E47 DNA binding alters the pattern of H3K4 monomethylation. (a) Forced E47 expression in E2A-deficient pre-pro-B cells promotes the establishment of a bimodal distribution of H3K4me1 centered across E2A occupancy. E2A-deficient pre-pro-B cells were transduced with virus carrying the full-length coding DNA sequence of E47 fused to the estrogen receptor domain (E47ER). As a control, cells were transduced with virus expressing the E47 bHLH domain fused to the ER domain (bHLHER). Twenty-one hours post infection, cells were incubated with tamoxifen to induce E47 activity for either one or six hours, harvested, formaldehyde cross-linked, immunoprecipitated with an anti-E2A or anti-H3K4me1 antibody, and analyzed by ChIP-Seq. X-axis shows the genomic distance from E2A bound regions. Y-axis shows the individual immunoprecipitated mapped reads (or tags) per base pair. (b) Forced E47 expression in E2A-deficient T cells promotes the establishment of a bimodal distribution of H3K4me1 centered across E2A occupancy. E2A-deficient A12 cells were transduced with virus and analyzed by ChIP-Seq as described above.

Figure 8

Regulatory network that links the activities of an ensemble of transcriptional regulators, signaling components and survival factors in developing B cells into a common pathway.
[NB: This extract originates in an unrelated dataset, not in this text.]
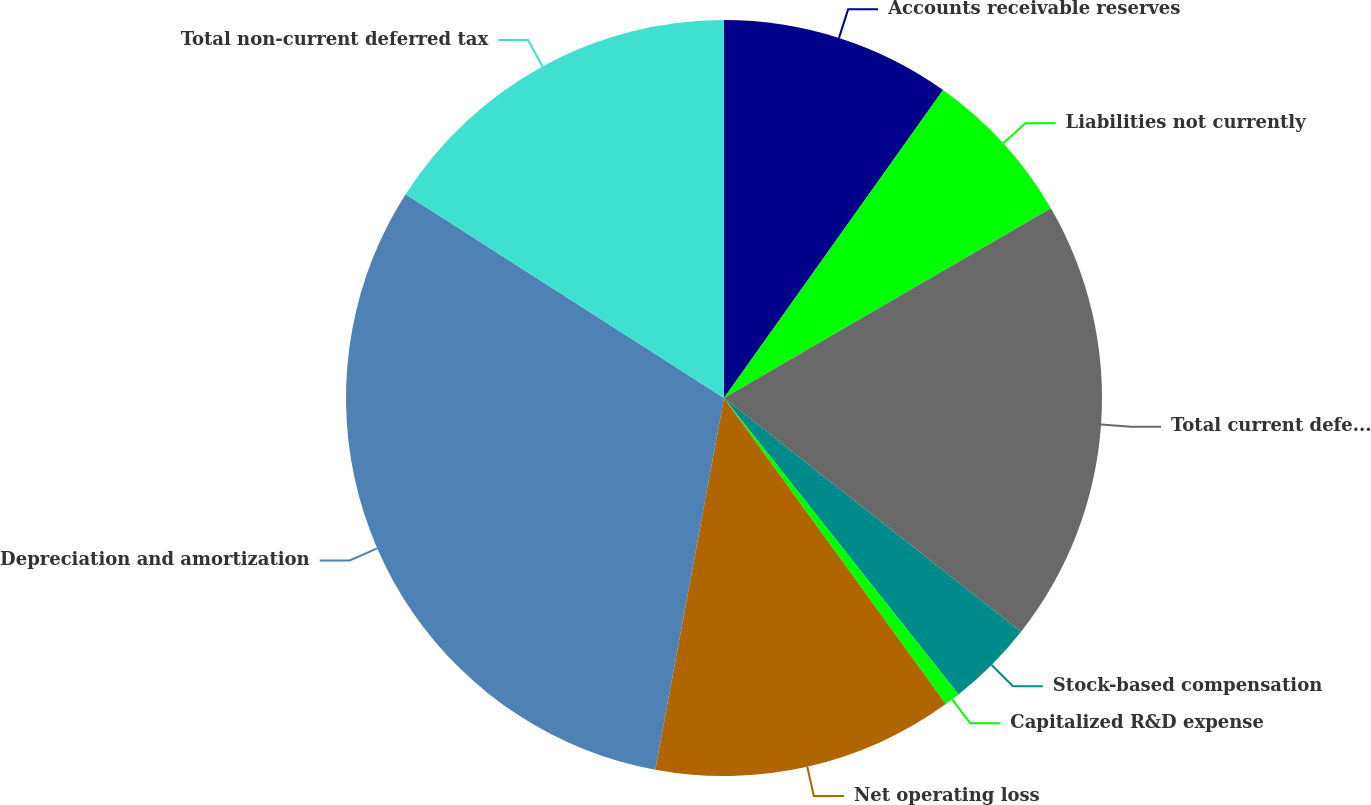Convert chart to OTSL. <chart><loc_0><loc_0><loc_500><loc_500><pie_chart><fcel>Accounts receivable reserves<fcel>Liabilities not currently<fcel>Total current deferred tax<fcel>Stock-based compensation<fcel>Capitalized R&D expense<fcel>Net operating loss<fcel>Depreciation and amortization<fcel>Total non-current deferred tax<nl><fcel>9.84%<fcel>6.79%<fcel>18.98%<fcel>3.74%<fcel>0.67%<fcel>12.89%<fcel>31.15%<fcel>15.94%<nl></chart>

An integrative genome-wide analysis, using Cytoscape software, of protein-DNA binding and changes in transcript levels across E2A-deficient pre-pro-B, EBF1-deficient pre-pro-B and pro-B cells was used to identify transcriptional regulatory targets of E2A and EBF1, as well as genes bound by FOXO1. Resulting 2045 regulatory targets were divided into eight groups based on positive or negative changes in transcript levels in pro-B cells as compared to E2A or EBF1-deficient cells. Arrows represent gene activation whereas barred lines indicate transcriptional repression. Dotted lines represent FOXO1 occupancy. Selected genes from each group either known to play critical roles in B cell commitment or potential novel regulators are enlarged. All other genes are grouped into rings where the size of each ring indicates the relative number of members. Darker colors present loci that show FOXO1 occupancy.